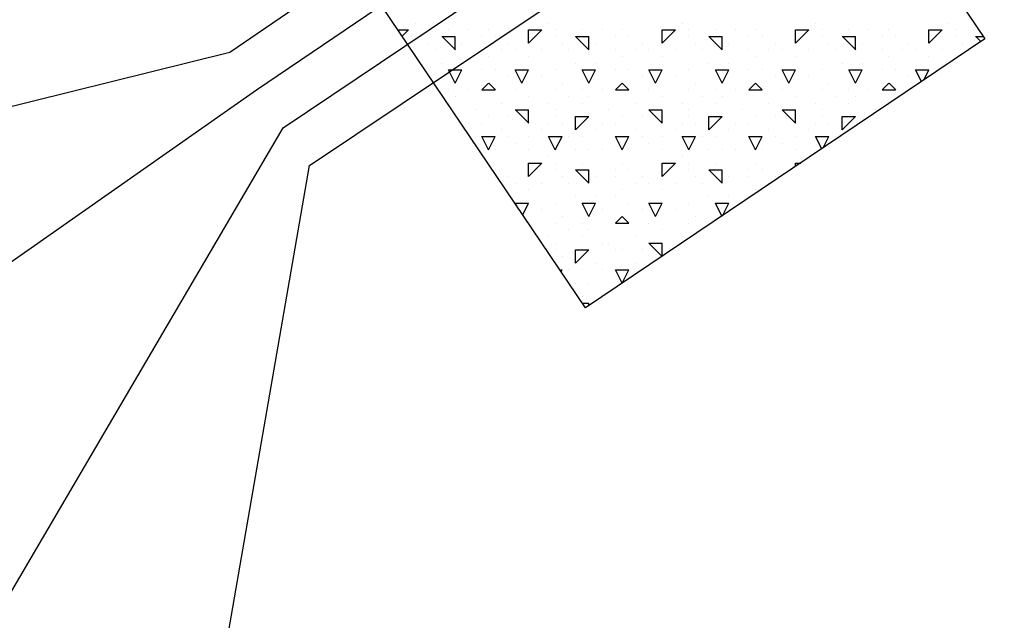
# Model space of a CAD drawing. Extents: x 9 to 437, y 6 to 307.
# Tile 5 of 13: x 157 to 167, y 116 to 122. Entities that reach past the tile are written whole.
import ezdxf

# ---------------------------------------------------------------- set-up
doc = ezdxf.new("R2010")
doc.units = 0
doc.layers.add('SEEWASSERNUTZUNG', color=7, linetype='Continuous')

msp = doc.modelspace()

# ---------------------------------------------------------------- linework, layer by layer
at = {"layer": 'SEEWASSERNUTZUNG', "color": 7, "linetype": 'Continuous'}
for p, q in [((161.2265, 121.8565), (161.2265, 121.8565)), ((162.4965, 121.8565), (162.4965, 121.8565)), ((163.7665, 121.8565), (163.7665, 121.8565)), ((165.0365, 121.8565), (165.0365, 121.8565)), ((166.3065, 121.8565), (166.3065, 121.8565)), ((161.0605, 121.793), (161.163, 121.793)), ((161.1019, 121.7317), (161.163, 121.7928)), ((161.29, 121.793), (161.29, 121.793)), ((161.544, 121.793), (161.544, 121.793)), ((161.544, 121.793), (161.544, 121.793)), ((161.7345, 121.793), (161.7345, 121.793)), ((161.925, 121.793), (161.925, 121.793)), ((162.306, 121.793), (162.433, 121.793)), ((162.306, 121.666), (162.306, 121.793)), ((162.306, 121.6658), (162.433, 121.7928)), ((162.56, 121.793), (162.56, 121.793)), ((162.814, 121.793), (162.814, 121.793)), ((162.814, 121.793), (162.814, 121.793)), ((163.0045, 121.793), (163.0045, 121.793)), ((163.195, 121.793), (163.195, 121.793)), ((163.576, 121.793), (163.703, 121.793)), ((163.576, 121.666), (163.576, 121.793)), ((163.576, 121.6658), (163.703, 121.7928)), ((163.83, 121.793), (163.83, 121.793)), ((164.084, 121.793), (164.084, 121.793)), ((164.084, 121.793), (164.084, 121.793)), ((164.2745, 121.793), (164.2745, 121.793)), ((164.465, 121.793), (164.465, 121.793)), ((164.846, 121.793), (164.973, 121.793)), ((164.846, 121.666), (164.846, 121.793)), ((164.846, 121.6658), (164.973, 121.7928)), ((165.1, 121.793), (165.1, 121.793)), ((165.354, 121.793), (165.354, 121.793)), ((165.354, 121.793), (165.354, 121.793)), ((165.5445, 121.793), (165.5445, 121.793)), ((165.735, 121.793), (165.735, 121.793)), ((166.116, 121.793), (166.243, 121.793)), ((166.116, 121.666), (166.116, 121.793)), ((166.116, 121.6658), (166.243, 121.7928)), ((166.37, 121.793), (166.37, 121.793)), ((161.29, 121.7295), (161.29, 121.7295)), ((161.3535, 121.666), (161.3535, 121.666)), ((161.4805, 121.7295), (161.6075, 121.7295)), ((161.6088, 121.6025), (161.4818, 121.7295)), ((161.6075, 121.6025), (161.6075, 121.7295)), ((161.671, 121.666), (161.671, 121.666)), ((161.8615, 121.7295), (161.8615, 121.7295)), ((161.9885, 121.7295), (161.9885, 121.7295)), ((162.1155, 121.666), (162.1155, 121.666)), ((162.56, 121.7295), (162.56, 121.7295)), ((162.6235, 121.666), (162.6235, 121.666)), ((162.7505, 121.7295), (162.8775, 121.7295)), ((162.8788, 121.6025), (162.7518, 121.7295)), ((162.8775, 121.6025), (162.8775, 121.7295)), ((162.941, 121.666), (162.941, 121.666)), ((163.1315, 121.7295), (163.1315, 121.7295)), ((163.2585, 121.7295), (163.2585, 121.7295)), ((163.3855, 121.666), (163.3855, 121.666)), ((163.83, 121.7295), (163.83, 121.7295)), ((163.8935, 121.666), (163.8935, 121.666)), ((164.0205, 121.7295), (164.1475, 121.7295)), ((164.1488, 121.6025), (164.0218, 121.7295)), ((164.1475, 121.6025), (164.1475, 121.7295)), ((164.211, 121.666), (164.211, 121.666)), ((164.4015, 121.7295), (164.4015, 121.7295)), ((164.5285, 121.7295), (164.5285, 121.7295)), ((164.6555, 121.666), (164.6555, 121.666)), ((165.1, 121.7295), (165.1, 121.7295)), ((165.1635, 121.666), (165.1635, 121.666)), ((165.2905, 121.7295), (165.4175, 121.7295)), ((165.4188, 121.6025), (165.2918, 121.7295)), ((165.4175, 121.6025), (165.4175, 121.7295)), ((165.481, 121.666), (165.481, 121.666)), ((165.6715, 121.7295), (165.6715, 121.7295)), ((165.7985, 121.7295), (165.7985, 121.7295)), ((165.9255, 121.666), (165.9255, 121.666)), ((166.37, 121.7295), (166.37, 121.7295)), ((166.4335, 121.666), (166.4335, 121.666)), ((166.5605, 121.7295), (166.6322, 121.7295)), ((166.6111, 121.6802), (166.5618, 121.7295)), ((161.417, 121.6025), (161.417, 121.6025)), ((161.8615, 121.6025), (161.8615, 121.6025)), ((162.052, 121.6025), (162.052, 121.6025)), ((162.179, 121.6025), (162.179, 121.6025)), ((162.433, 121.6025), (162.433, 121.6025)), ((162.687, 121.6025), (162.687, 121.6025)), ((163.1315, 121.6025), (163.1315, 121.6025)), ((163.322, 121.6025), (163.322, 121.6025)), ((163.449, 121.6025), (163.449, 121.6025)), ((163.703, 121.6025), (163.703, 121.6025)), ((163.957, 121.6025), (163.957, 121.6025)), ((164.4015, 121.6025), (164.4015, 121.6025)), ((164.592, 121.6025), (164.592, 121.6025)), ((164.719, 121.6025), (164.719, 121.6025)), ((164.973, 121.6025), (164.973, 121.6025)), ((165.227, 121.6025), (165.227, 121.6025)), ((165.6715, 121.6025), (165.6715, 121.6025)), ((165.862, 121.6025), (165.862, 121.6025)), ((165.989, 121.6025), (165.989, 121.6025)), ((166.243, 121.6025), (166.243, 121.6025)), ((161.4805, 121.4755), (161.4805, 121.4755)), ((161.671, 121.4755), (161.671, 121.4755)), ((161.925, 121.539), (161.925, 121.539)), ((162.306, 121.539), (162.306, 121.539)), ((162.7505, 121.4755), (162.7505, 121.4755)), ((162.941, 121.4755), (162.941, 121.4755)), ((163.195, 121.539), (163.195, 121.539)), ((163.576, 121.539), (163.576, 121.539)), ((164.0205, 121.4755), (164.0205, 121.4755)), ((164.211, 121.4755), (164.211, 121.4755)), ((164.465, 121.539), (164.465, 121.539)), ((164.846, 121.539), (164.846, 121.539)), ((165.2905, 121.4755), (165.2905, 121.4755)), ((165.481, 121.4755), (165.481, 121.4755)), ((165.735, 121.539), (165.735, 121.539)), ((166.116, 121.539), (166.116, 121.539)), ((161.6075, 121.285), (161.544, 121.412)), ((161.544, 121.412), (161.671, 121.412)), ((161.6075, 121.285), (161.671, 121.412)), ((161.8615, 121.412), (161.8615, 121.412)), ((161.9885, 121.412), (161.9885, 121.412)), ((162.2425, 121.285), (162.179, 121.412)), ((162.179, 121.412), (162.306, 121.412)), ((162.2425, 121.285), (162.306, 121.412)), ((162.56, 121.412), (162.56, 121.412)), ((162.8775, 121.285), (162.814, 121.412)), ((162.814, 121.412), (162.941, 121.412)), ((162.8775, 121.285), (162.941, 121.412)), ((163.1315, 121.412), (163.1315, 121.412)), ((163.2585, 121.412), (163.2585, 121.412)), ((163.5125, 121.285), (163.449, 121.412)), ((163.449, 121.412), (163.576, 121.412)), ((163.5125, 121.285), (163.576, 121.412)), ((163.83, 121.412), (163.83, 121.412)), ((164.1475, 121.285), (164.084, 121.412)), ((164.084, 121.412), (164.211, 121.412)), ((164.1475, 121.285), (164.211, 121.412)), ((164.4015, 121.412), (164.4015, 121.412)), ((164.5285, 121.412), (164.5285, 121.412)), ((164.7825, 121.285), (164.719, 121.412)), ((164.719, 121.412), (164.846, 121.412)), ((164.7825, 121.285), (164.846, 121.412)), ((165.1, 121.412), (165.1, 121.412)), ((165.4175, 121.285), (165.354, 121.412)), ((165.354, 121.412), (165.481, 121.412)), ((165.4175, 121.285), (165.481, 121.412)), ((165.6715, 121.412), (165.6715, 121.412)), ((165.7985, 121.412), (165.7985, 121.412)), ((166.0456, 121.2988), (165.989, 121.412)), ((165.989, 121.412), (166.116, 121.412)), ((166.0664, 121.3127), (166.116, 121.412)), ((161.8615, 121.2213), (161.925, 121.2848)), ((161.9898, 121.2215), (161.9263, 121.285)), ((162.1155, 121.3485), (162.1155, 121.3485)), ((162.433, 121.3485), (162.433, 121.3485)), ((162.6235, 121.285), (162.6235, 121.285)), ((163.1315, 121.2213), (163.195, 121.2848)), ((163.2598, 121.2215), (163.1963, 121.285)), ((163.3855, 121.3485), (163.3855, 121.3485)), ((163.703, 121.3485), (163.703, 121.3485)), ((163.8935, 121.285), (163.8935, 121.285)), ((164.4015, 121.2213), (164.465, 121.2848)), ((164.5298, 121.2215), (164.4663, 121.285)), ((164.6555, 121.3485), (164.6555, 121.3485)), ((164.973, 121.3485), (164.973, 121.3485)), ((165.1635, 121.285), (165.1635, 121.285)), ((165.6715, 121.2213), (165.735, 121.2848)), ((165.7998, 121.2215), (165.7363, 121.285)), ((165.9255, 121.3485), (165.9255, 121.3485)), ((161.544, 121.2215), (161.544, 121.2215)), ((161.7345, 121.2215), (161.7345, 121.2215)), ((161.8615, 121.2215), (161.9885, 121.2215)), ((162.179, 121.2215), (162.179, 121.2215)), ((162.56, 121.2215), (162.56, 121.2215)), ((162.814, 121.2215), (162.814, 121.2215)), ((163.0045, 121.2215), (163.0045, 121.2215)), ((163.1315, 121.2215), (163.2585, 121.2215)), ((163.449, 121.2215), (163.449, 121.2215)), ((163.83, 121.2215), (163.83, 121.2215)), ((164.084, 121.2215), (164.084, 121.2215)), ((164.2745, 121.2215), (164.2745, 121.2215)), ((164.4015, 121.2215), (164.5285, 121.2215)), ((164.719, 121.2215), (164.719, 121.2215)), ((165.1, 121.2215), (165.1, 121.2215)), ((165.354, 121.2215), (165.354, 121.2215)), ((165.5445, 121.2215), (165.5445, 121.2215)), ((165.6715, 121.2215), (165.7985, 121.2215)), ((161.544, 121.0945), (161.544, 121.0945)), ((161.6075, 121.158), (161.6075, 121.158)), ((162.052, 121.0945), (162.052, 121.0945)), ((162.306, 121.158), (162.306, 121.158)), ((162.4965, 121.0945), (162.4965, 121.0945)), ((162.687, 121.158), (162.687, 121.158)), ((162.814, 121.0945), (162.814, 121.0945)), ((162.8775, 121.158), (162.8775, 121.158)), ((163.322, 121.0945), (163.322, 121.0945)), ((163.576, 121.158), (163.576, 121.158)), ((163.7665, 121.0945), (163.7665, 121.0945)), ((163.957, 121.158), (163.957, 121.158)), ((164.084, 121.0945), (164.084, 121.0945)), ((164.1475, 121.158), (164.1475, 121.158)), ((164.592, 121.0945), (164.592, 121.0945)), ((164.846, 121.158), (164.846, 121.158)), ((165.0365, 121.0945), (165.0365, 121.0945)), ((165.227, 121.158), (165.227, 121.158)), ((165.354, 121.0945), (165.354, 121.0945)), ((165.4175, 121.158), (165.4175, 121.158)), ((161.798, 121.031), (161.798, 121.031)), ((162.179, 121.031), (162.306, 121.031)), ((162.3073, 120.904), (162.1803, 121.031)), ((162.306, 120.904), (162.306, 121.031)), ((162.56, 121.031), (162.56, 121.031)), ((163.068, 121.031), (163.068, 121.031)), ((163.449, 121.031), (163.576, 121.031)), ((163.5773, 120.904), (163.4503, 121.031)), ((163.576, 120.904), (163.576, 121.031)), ((163.83, 121.031), (163.83, 121.031)), ((164.338, 121.031), (164.338, 121.031)), ((164.719, 121.031), (164.846, 121.031)), ((164.8473, 120.904), (164.7203, 121.031)), ((164.846, 120.904), (164.846, 121.031)), ((165.1, 121.031), (165.1, 121.031)), ((165.608, 121.031), (165.608, 121.031)), ((161.7345, 120.904), (161.7345, 120.904)), ((161.8615, 120.904), (161.8615, 120.904)), ((161.925, 120.9675), (161.925, 120.9675)), ((162.1155, 120.9675), (162.1155, 120.9675)), ((162.4965, 120.904), (162.4965, 120.904)), ((162.56, 120.9675), (162.56, 120.9675)), ((162.6235, 120.904), (162.6235, 120.904)), ((162.7505, 120.9675), (162.8775, 120.9675)), ((162.7505, 120.8405), (162.7505, 120.9675)), ((162.7505, 120.8403), (162.8775, 120.9673)), ((163.0045, 120.904), (163.0045, 120.904)), ((163.1315, 120.904), (163.1315, 120.904)), ((163.195, 120.9675), (163.195, 120.9675)), ((163.3855, 120.9675), (163.3855, 120.9675)), ((163.7665, 120.904), (163.7665, 120.904)), ((163.83, 120.9675), (163.83, 120.9675)), ((163.8935, 120.904), (163.8935, 120.904)), ((164.0205, 120.9675), (164.1475, 120.9675)), ((164.0205, 120.8405), (164.0205, 120.9675)), ((164.0205, 120.8403), (164.1475, 120.9673)), ((164.2745, 120.904), (164.2745, 120.904)), ((164.4015, 120.904), (164.4015, 120.904)), ((164.465, 120.9675), (164.465, 120.9675)), ((164.6555, 120.9675), (164.6555, 120.9675)), ((165.0365, 120.904), (165.0365, 120.904)), ((165.1, 120.9675), (165.1, 120.9675)), ((165.1635, 120.904), (165.1635, 120.904)), ((165.2905, 120.9675), (165.4175, 120.9675)), ((165.2905, 120.8405), (165.2905, 120.9675)), ((165.2905, 120.8403), (165.4175, 120.9673)), ((162.052, 120.8405), (162.052, 120.8405)), ((162.433, 120.8405), (162.433, 120.8405)), ((162.941, 120.8405), (162.941, 120.8405)), ((163.322, 120.8405), (163.322, 120.8405)), ((163.703, 120.8405), (163.703, 120.8405)), ((164.211, 120.8405), (164.211, 120.8405)), ((164.592, 120.8405), (164.592, 120.8405)), ((164.973, 120.8405), (164.973, 120.8405)), ((161.925, 120.65), (161.8615, 120.777)), ((161.8615, 120.777), (161.9885, 120.777)), ((161.925, 120.65), (161.9885, 120.777)), ((162.1155, 120.777), (162.1155, 120.777)), ((162.179, 120.7135), (162.179, 120.7135)), ((162.306, 120.777), (162.306, 120.777)), ((162.56, 120.65), (162.4965, 120.777)), ((162.4965, 120.777), (162.56, 120.777)), ((162.56, 120.65), (162.6235, 120.777)), ((162.56, 120.777), (162.6235, 120.777)), ((162.687, 120.777), (162.687, 120.777)), ((162.814, 120.777), (162.814, 120.777)), ((163.195, 120.65), (163.1315, 120.777)), ((163.1315, 120.777), (163.2585, 120.777)), ((163.195, 120.65), (163.2585, 120.777)), ((163.3855, 120.777), (163.3855, 120.777)), ((163.449, 120.7135), (163.449, 120.7135)), ((163.576, 120.777), (163.576, 120.777)), ((163.83, 120.65), (163.7665, 120.777)), ((163.7665, 120.777), (163.83, 120.777)), ((163.83, 120.65), (163.8935, 120.777)), ((163.83, 120.777), (163.8935, 120.777)), ((163.957, 120.777), (163.957, 120.777)), ((164.084, 120.777), (164.084, 120.777)), ((164.465, 120.65), (164.4015, 120.777)), ((164.4015, 120.777), (164.5285, 120.777)), ((164.465, 120.65), (164.5285, 120.777)), ((164.6555, 120.777), (164.6555, 120.777)), ((164.719, 120.7135), (164.719, 120.7135)), ((164.846, 120.777), (164.846, 120.777)), ((165.0959, 120.6582), (165.0365, 120.777)), ((165.0365, 120.777), (165.1, 120.777)), ((165.1, 120.777), (165.1635, 120.777)), ((165.1082, 120.6665), (165.1635, 120.777)), ((165.227, 120.777), (165.227, 120.777)), ((161.9885, 120.65), (161.9885, 120.65)), ((162.306, 120.65), (162.306, 120.65)), ((162.7505, 120.65), (162.7505, 120.65)), ((162.8775, 120.65), (162.8775, 120.65)), ((163.0045, 120.65), (163.0045, 120.65)), ((163.2585, 120.65), (163.2585, 120.65)), ((163.576, 120.65), (163.576, 120.65)), ((164.0205, 120.65), (164.0205, 120.65)), ((164.1475, 120.65), (164.1475, 120.65)), ((164.2745, 120.65), (164.2745, 120.65)), ((164.5285, 120.65), (164.5285, 120.65)), ((164.846, 120.65), (164.846, 120.65)), ((161.925, 120.523), (161.925, 120.523)), ((162.306, 120.523), (162.433, 120.523)), ((162.306, 120.396), (162.306, 120.523)), ((162.306, 120.3958), (162.433, 120.5228)), ((162.4965, 120.5865), (162.4965, 120.5865)), ((162.56, 120.523), (162.56, 120.523)), ((162.814, 120.523), (162.814, 120.523)), ((162.814, 120.523), (162.814, 120.523)), ((163.195, 120.523), (163.195, 120.523)), ((163.576, 120.523), (163.703, 120.523)), ((163.576, 120.396), (163.576, 120.523)), ((163.576, 120.3958), (163.703, 120.5228)), ((163.7665, 120.5865), (163.7665, 120.5865)), ((163.83, 120.523), (163.83, 120.523)), ((164.084, 120.523), (164.084, 120.523)), ((164.084, 120.523), (164.084, 120.523)), ((164.465, 120.523), (164.465, 120.523)), ((164.846, 120.523), (164.8955, 120.523)), ((164.846, 120.4896), (164.846, 120.523)), ((161.9885, 120.4595), (161.9885, 120.4595)), ((162.56, 120.4595), (162.56, 120.4595)), ((162.7505, 120.4595), (162.8775, 120.4595)), ((162.8788, 120.3325), (162.7518, 120.4595)), ((162.8775, 120.3325), (162.8775, 120.4595)), ((163.1315, 120.4595), (163.1315, 120.4595)), ((163.2585, 120.4595), (163.2585, 120.4595)), ((163.83, 120.4595), (163.83, 120.4595)), ((164.0205, 120.4595), (164.1475, 120.4595)), ((164.1488, 120.3325), (164.0218, 120.4595)), ((164.1475, 120.3325), (164.1475, 120.4595)), ((164.4015, 120.4595), (164.4015, 120.4595)), ((164.5285, 120.4595), (164.5285, 120.4595)), ((162.052, 120.3325), (162.052, 120.3325)), ((162.1155, 120.396), (162.1155, 120.396)), ((162.179, 120.3325), (162.179, 120.3325)), ((162.433, 120.3325), (162.433, 120.3325)), ((162.6235, 120.396), (162.6235, 120.396)), ((162.687, 120.3325), (162.687, 120.3325)), ((162.941, 120.396), (162.941, 120.396)), ((163.1315, 120.396), (163.1315, 120.396)), ((163.322, 120.3325), (163.322, 120.3325)), ((163.3855, 120.396), (163.3855, 120.396)), ((163.449, 120.3325), (163.449, 120.3325)), ((163.703, 120.3325), (163.703, 120.3325)), ((163.8935, 120.396), (163.8935, 120.396)), ((163.957, 120.3325), (163.957, 120.3325)), ((164.211, 120.396), (164.211, 120.396)), ((164.4015, 120.396), (164.4015, 120.396)), ((164.592, 120.3325), (164.592, 120.3325)), ((164.6555, 120.396), (164.6555, 120.396)), ((162.306, 120.269), (162.306, 120.269)), ((163.195, 120.269), (163.195, 120.269)), ((163.576, 120.269), (163.576, 120.269)), ((164.465, 120.269), (164.465, 120.269)), ((162.193, 120.114), (162.179, 120.142)), ((162.179, 120.142), (162.306, 120.142)), ((162.2499, 120.0297), (162.306, 120.142)), ((162.56, 120.142), (162.56, 120.142)), ((162.7505, 120.2055), (162.7505, 120.2055)), ((162.8775, 120.015), (162.814, 120.142)), ((162.814, 120.142), (162.941, 120.142)), ((162.8775, 120.015), (162.941, 120.142)), ((162.941, 120.2055), (162.941, 120.2055)), ((163.1315, 120.2055), (163.1315, 120.2055)), ((163.2585, 120.142), (163.2585, 120.142)), ((163.5125, 120.015), (163.449, 120.142)), ((163.449, 120.142), (163.576, 120.142)), ((163.5125, 120.015), (163.576, 120.142)), ((163.83, 120.142), (163.83, 120.142)), ((164.0205, 120.2055), (164.0205, 120.2055)), ((164.1462, 120.0176), (164.084, 120.142)), ((164.084, 120.142), (164.211, 120.142)), ((164.1501, 120.0202), (164.211, 120.142)), ((164.211, 120.2055), (164.211, 120.2055)), ((164.4015, 120.2055), (164.4015, 120.2055)), ((162.433, 120.0785), (162.433, 120.0785)), ((163.0045, 120.0785), (163.0045, 120.0785)), ((163.3855, 120.0785), (163.3855, 120.0785)), ((163.703, 120.0785), (163.703, 120.0785)), ((162.56, 119.9515), (162.56, 119.9515)), ((162.6235, 120.015), (162.6235, 120.015)), ((162.814, 119.9515), (162.814, 119.9515)), ((163.1315, 119.9513), (163.195, 120.0148)), ((163.1315, 119.9515), (163.2585, 119.9515)), ((163.2598, 119.9515), (163.1963, 120.015)), ((163.449, 119.9515), (163.449, 119.9515)), ((163.83, 119.9515), (163.83, 119.9515)), ((163.8935, 120.015), (163.8935, 120.015)), ((162.687, 119.888), (162.687, 119.888)), ((162.8775, 119.888), (162.8775, 119.888)), ((163.576, 119.888), (163.576, 119.888)), ((162.4965, 119.8245), (162.4965, 119.8245)), ((162.814, 119.8245), (162.814, 119.8245)), ((163.322, 119.8245), (163.322, 119.8245)), ((163.7665, 119.8245), (163.7665, 119.8245)), ((162.56, 119.761), (162.56, 119.761)), ((162.56, 119.6975), (162.56, 119.6975)), ((162.7505, 119.6975), (162.8775, 119.6975)), ((162.7505, 119.5705), (162.7505, 119.6975)), ((162.7505, 119.5703), (162.8775, 119.6973)), ((163.0045, 119.761), (163.0045, 119.761)), ((163.068, 119.761), (163.068, 119.761)), ((163.1315, 119.6975), (163.1315, 119.6975)), ((163.195, 119.6975), (163.195, 119.6975)), ((163.3855, 119.6975), (163.3855, 119.6975)), ((163.449, 119.761), (163.576, 119.761)), ((163.5773, 119.634), (163.4503, 119.761)), ((163.576, 119.634), (163.576, 119.761)), ((162.6235, 119.634), (162.6235, 119.634)), ((162.6024, 119.507), (162.6235, 119.507)), ((162.6145, 119.4891), (162.6235, 119.507)), ((162.687, 119.507), (162.687, 119.507)), ((162.814, 119.507), (162.814, 119.507)), ((162.941, 119.5705), (162.941, 119.5705)), ((163.0045, 119.507), (163.0045, 119.507)), ((163.195, 119.38), (163.1315, 119.507)), ((163.1315, 119.507), (163.2585, 119.507)), ((163.195, 119.38), (163.2585, 119.507)), ((163.322, 119.5705), (163.322, 119.5705)), ((163.3855, 119.507), (163.3855, 119.507)), ((162.7505, 119.38), (162.7505, 119.38)), ((162.8775, 119.38), (162.8775, 119.38)), ((162.814, 119.253), (162.814, 119.253)), ((162.814, 119.253), (162.814, 119.253)), ((162.8166, 119.1895), (162.8775, 119.1895)), ((162.8775, 119.1618), (162.8775, 119.1895))]:
    msp.add_line(p, q, dxfattribs=at)
at = {"layer": 'SEEWASSERNUTZUNG', "color": 94, "linetype": 'ByBlock'}
for points in [[(150.014, 119.2346), (159.4628, 121.5796), (188.4393, 141.3652), (191.1499, 142.7907), (218.6704, 163.0287), (225.1536, 164.4919), (225.1291, 164.4363)], [(152.8134, 116.3801), (159.7155, 121.2194), (188.7339, 140.8747), (191.3704, 142.3599), (218.7952, 162.5527), (225.1372, 163.981)], [(155.6783, 113.5328), (159.9682, 120.8592), (188.9959, 140.3588), (191.6252, 141.9531), (218.93, 162.1048), (225.309, 163.5169)], [(158.5202, 110.6909), (160.221, 120.499), (189.25, 139.94), (191.9096, 141.4909), (219.0638, 161.6726), (225.6151, 163.112)]]:
    msp.add_lwpolyline(points, dxfattribs=at)
at = {"layer": 'SEEWASSERNUTZUNG', "color": 7, "linetype": 'ByBlock'}
msp.add_lwpolyline([(162.7632, 127.4655), (166.6485, 121.7054), (162.8485, 119.1422), (158.9632, 124.9023)], close=True, dxfattribs=at)

doc.saveas('drawing.dxf')

────────────────────

* Action item:
Nothing should appear in the output except the lines from the one with "for points in" through the end of the records above, copied exactly.

* Solution for this task:
for points in [[(150.014, 119.2346), (159.4628, 121.5796), (188.4393, 141.3652), (191.1499, 142.7907), (218.6704, 163.0287), (225.1536, 164.4919), (225.1291, 164.4363)], [(152.8134, 116.3801), (159.7155, 121.2194), (188.7339, 140.8747), (191.3704, 142.3599), (218.7952, 162.5527), (225.1372, 163.981)], [(155.6783, 113.5328), (159.9682, 120.8592), (188.9959, 140.3588), (191.6252, 141.9531), (218.93, 162.1048), (225.309, 163.5169)], [(158.5202, 110.6909), (160.221, 120.499), (189.25, 139.94), (191.9096, 141.4909), (219.0638, 161.6726), (225.6151, 163.112)]]:
    msp.add_lwpolyline(points, dxfattribs=at)
at = {"layer": 'SEEWASSERNUTZUNG', "color": 7, "linetype": 'ByBlock'}
msp.add_lwpolyline([(162.7632, 127.4655), (166.6485, 121.7054), (162.8485, 119.1422), (158.9632, 124.9023)], close=True, dxfattribs=at)

doc.saveas('drawing.dxf')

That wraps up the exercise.